▶ **WORK TO BE COMPLETED**: A copy is needed of each line in the records that has the word "below".

[Records from a dataset]
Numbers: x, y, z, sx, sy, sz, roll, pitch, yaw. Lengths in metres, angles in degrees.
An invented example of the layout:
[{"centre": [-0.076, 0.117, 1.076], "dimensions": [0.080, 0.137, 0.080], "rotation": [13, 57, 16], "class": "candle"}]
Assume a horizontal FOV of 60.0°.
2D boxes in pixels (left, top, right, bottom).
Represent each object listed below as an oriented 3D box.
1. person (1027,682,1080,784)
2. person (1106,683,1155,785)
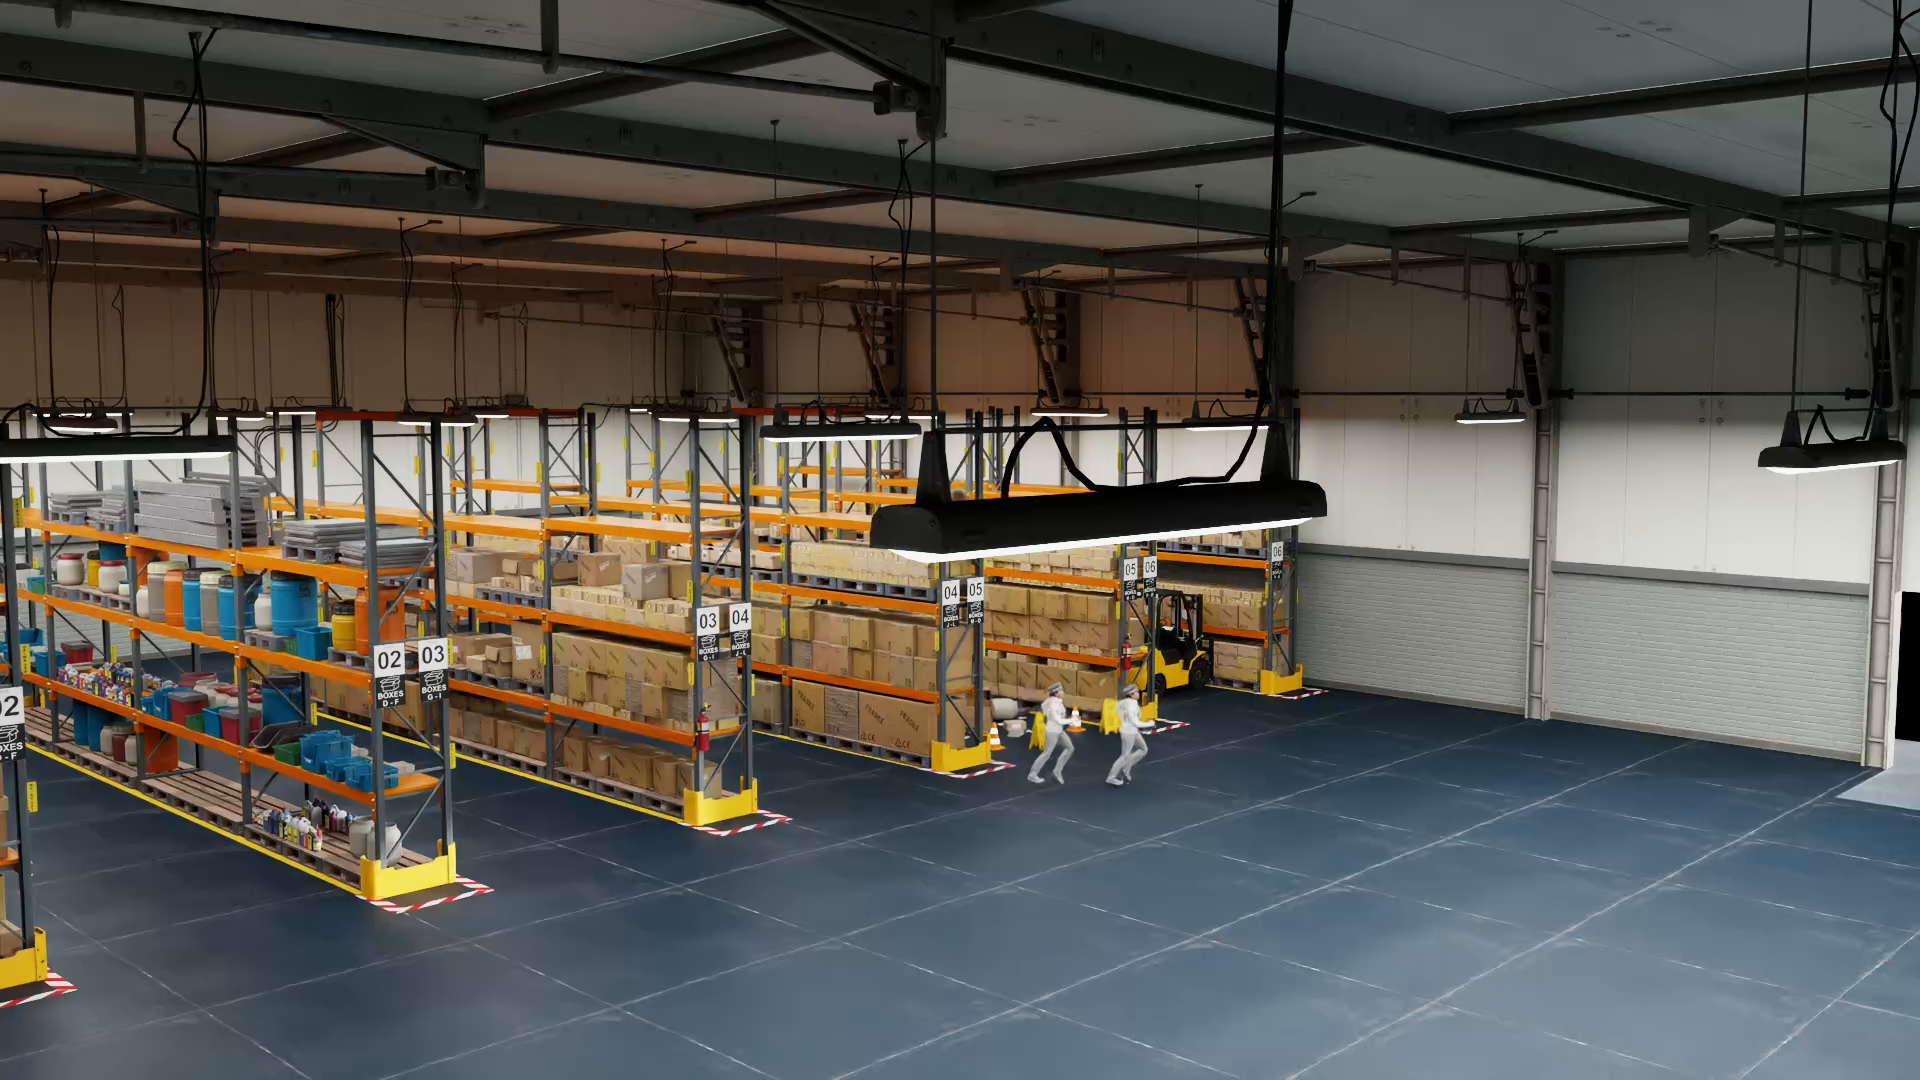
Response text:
[{"centre": [1.518, 3.109, 26.836], "dimensions": [0.835, 1.691, 0.620], "rotation": [1, 5, 9], "class": "person"}, {"centre": [2.750, 3.114, 26.829], "dimensions": [0.780, 1.646, 0.631], "rotation": [0, 5, 4], "class": "person"}]
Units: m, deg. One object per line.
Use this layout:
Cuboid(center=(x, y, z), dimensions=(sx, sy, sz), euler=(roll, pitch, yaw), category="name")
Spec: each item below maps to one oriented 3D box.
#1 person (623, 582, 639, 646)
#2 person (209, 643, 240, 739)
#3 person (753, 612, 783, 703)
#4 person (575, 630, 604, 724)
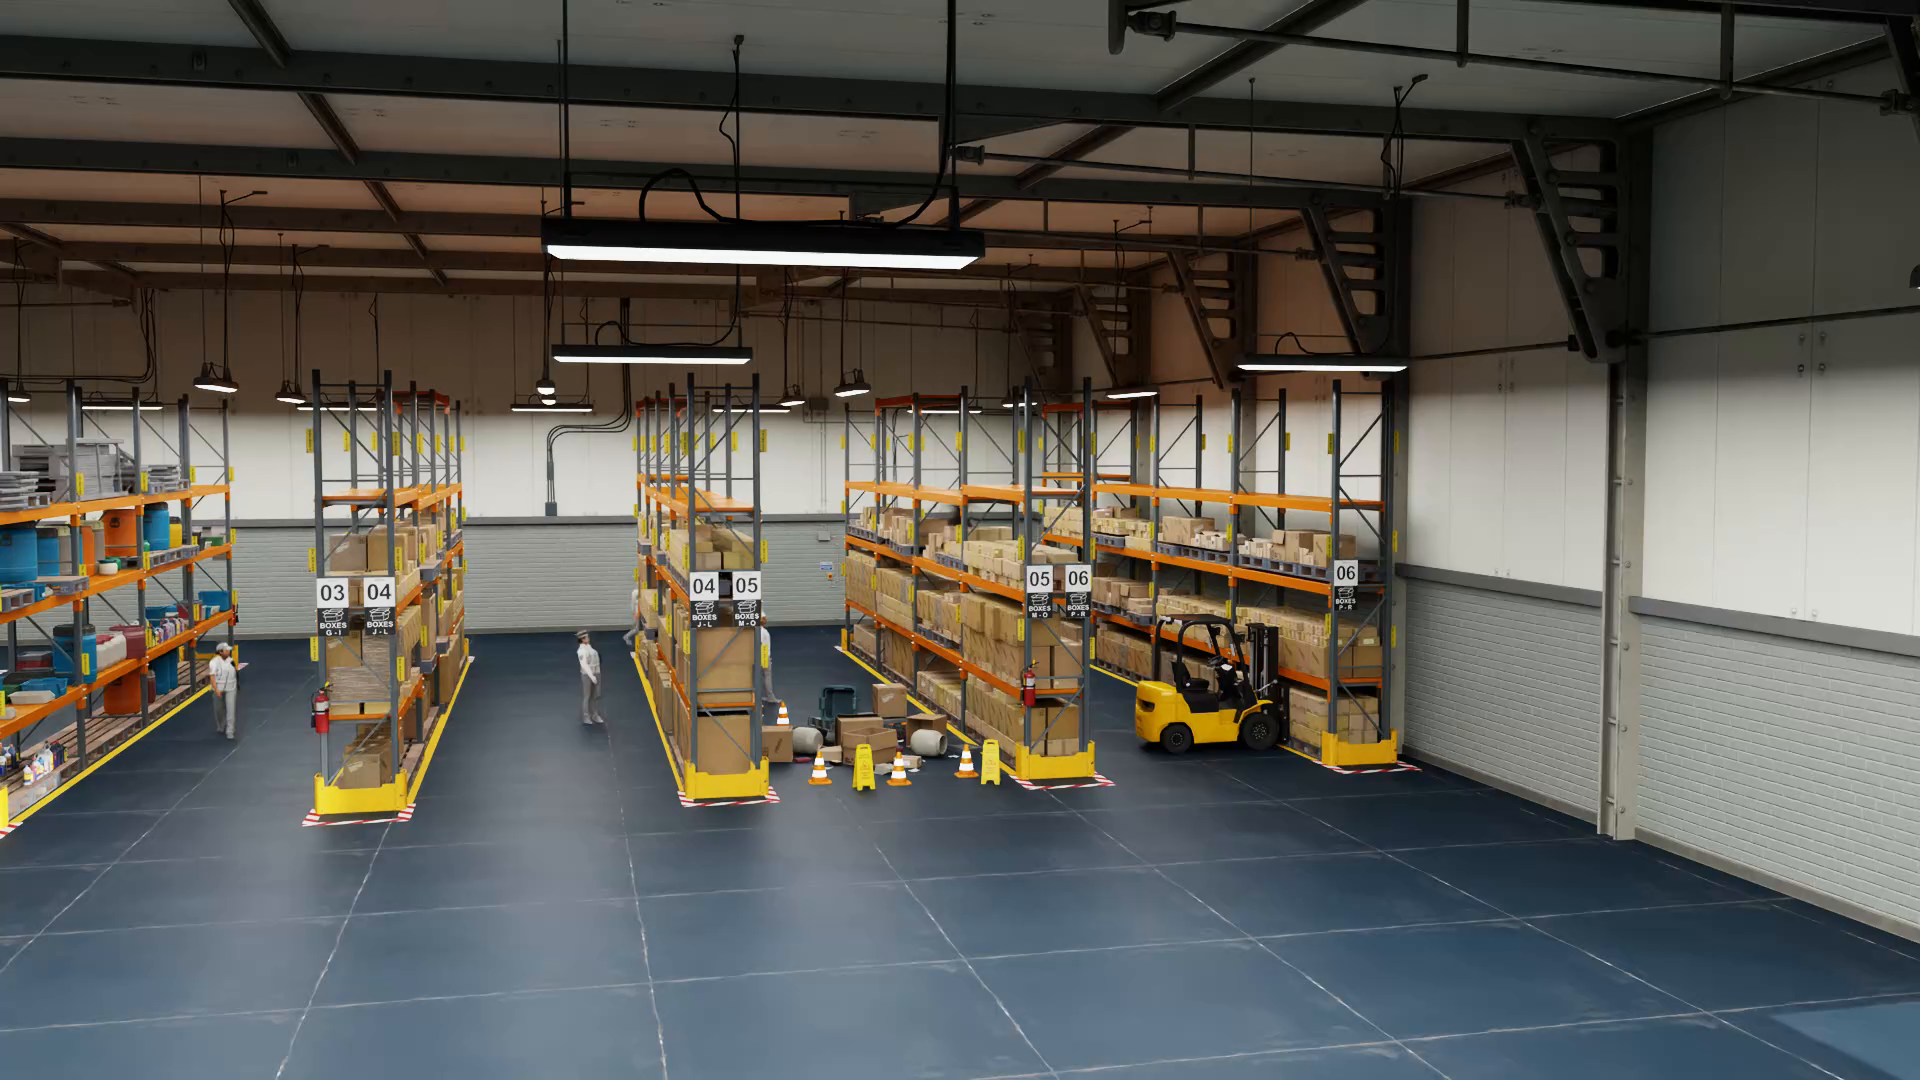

▶ **REPLY**:
Represent each object listed below as an oriented 3D box.
Spec: each item below maps to one oriented 3D box.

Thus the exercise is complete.